§ **Data**
----------

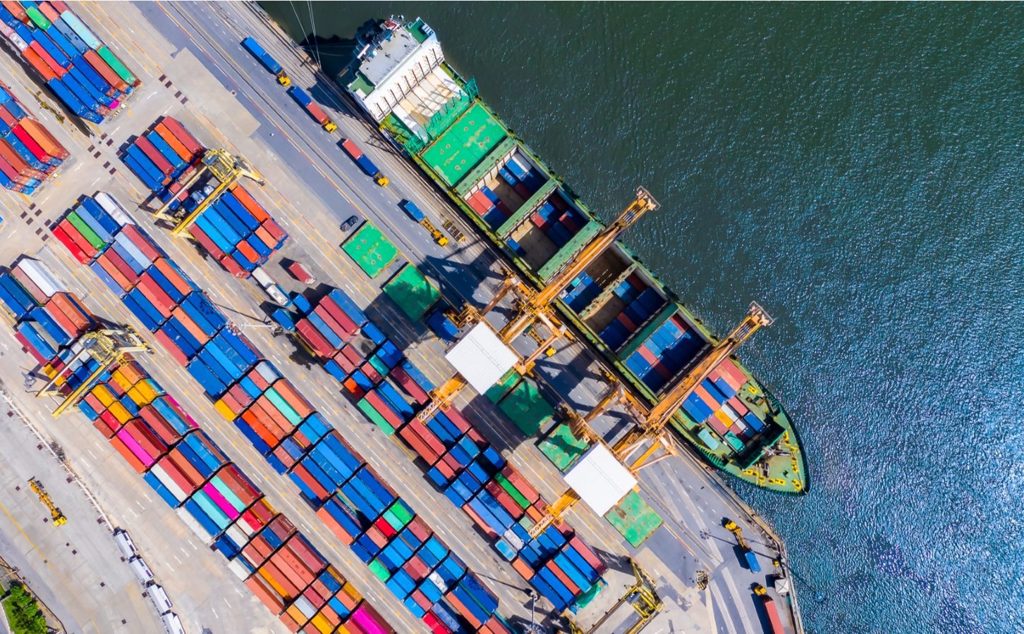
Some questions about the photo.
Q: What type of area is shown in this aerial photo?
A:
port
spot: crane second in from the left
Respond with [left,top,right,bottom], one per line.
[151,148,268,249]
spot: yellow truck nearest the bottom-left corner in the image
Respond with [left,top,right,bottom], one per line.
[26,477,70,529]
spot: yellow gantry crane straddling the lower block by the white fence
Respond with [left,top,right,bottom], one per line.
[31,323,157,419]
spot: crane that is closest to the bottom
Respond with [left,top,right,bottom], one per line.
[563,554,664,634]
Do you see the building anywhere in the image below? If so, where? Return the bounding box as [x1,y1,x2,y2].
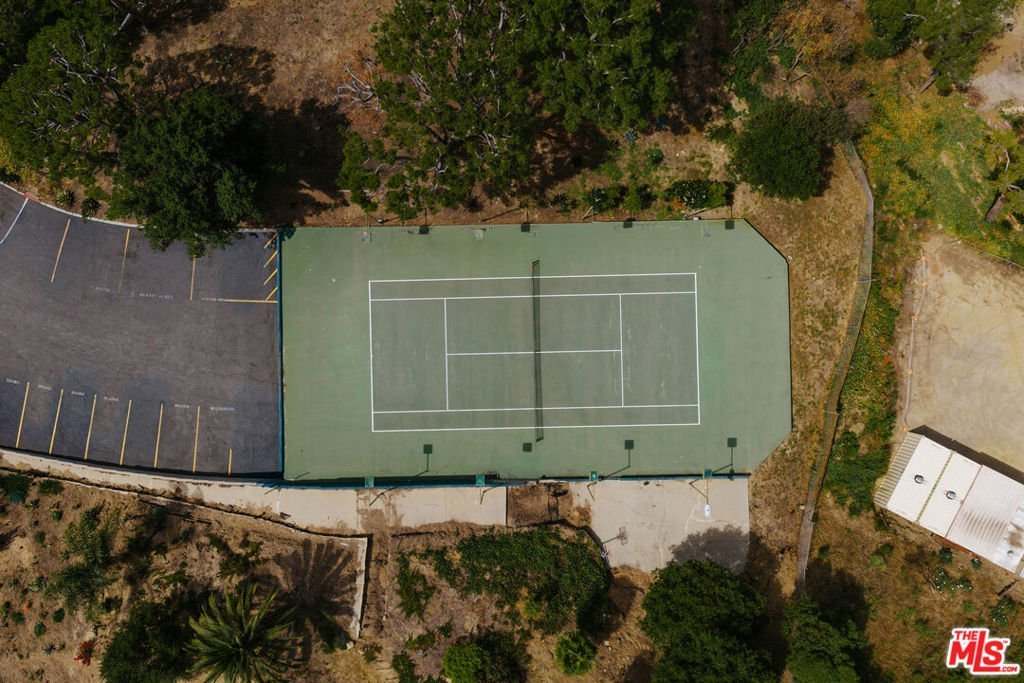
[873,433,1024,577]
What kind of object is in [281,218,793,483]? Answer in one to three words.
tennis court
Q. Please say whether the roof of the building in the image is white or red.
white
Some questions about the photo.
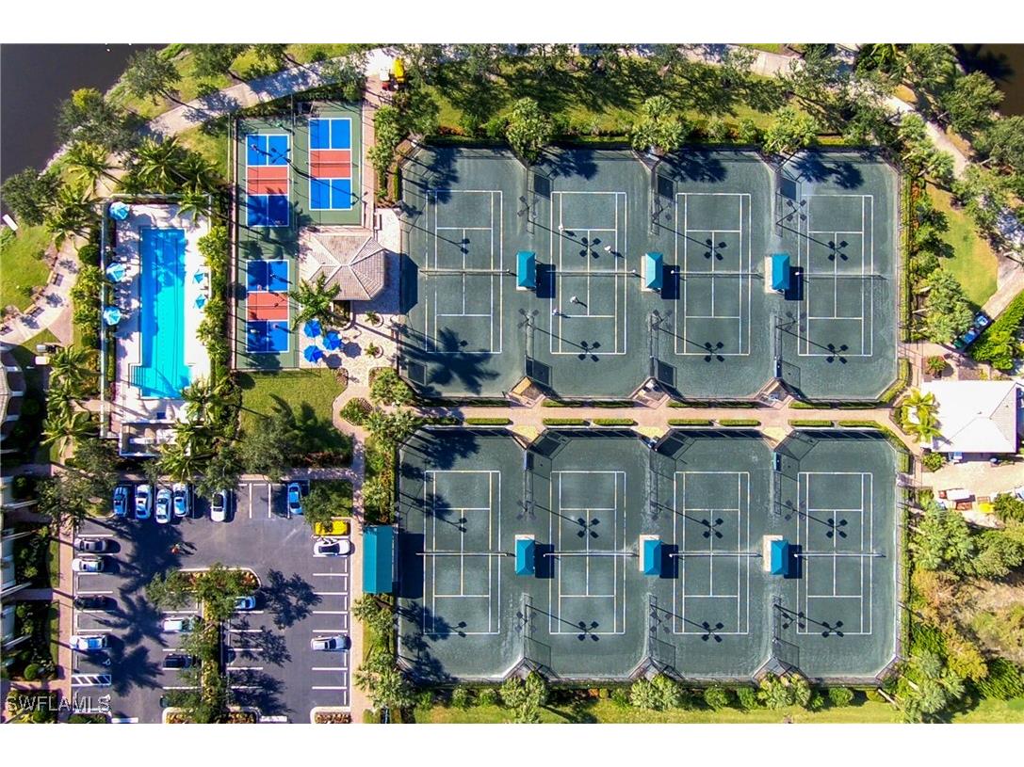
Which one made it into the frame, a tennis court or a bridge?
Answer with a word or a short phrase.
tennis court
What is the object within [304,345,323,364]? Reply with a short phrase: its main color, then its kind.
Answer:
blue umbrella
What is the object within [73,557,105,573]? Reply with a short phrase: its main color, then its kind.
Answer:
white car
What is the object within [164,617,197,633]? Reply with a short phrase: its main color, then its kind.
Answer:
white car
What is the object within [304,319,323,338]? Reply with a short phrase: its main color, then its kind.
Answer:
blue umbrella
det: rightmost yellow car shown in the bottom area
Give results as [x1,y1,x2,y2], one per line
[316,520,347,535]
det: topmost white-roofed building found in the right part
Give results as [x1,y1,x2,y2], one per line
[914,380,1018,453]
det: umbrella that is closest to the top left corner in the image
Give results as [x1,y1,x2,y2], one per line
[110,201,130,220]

----------

§ **Assignment**
Would you tally the lines above that include "main" and reply with only the total?

§ **Answer section**
4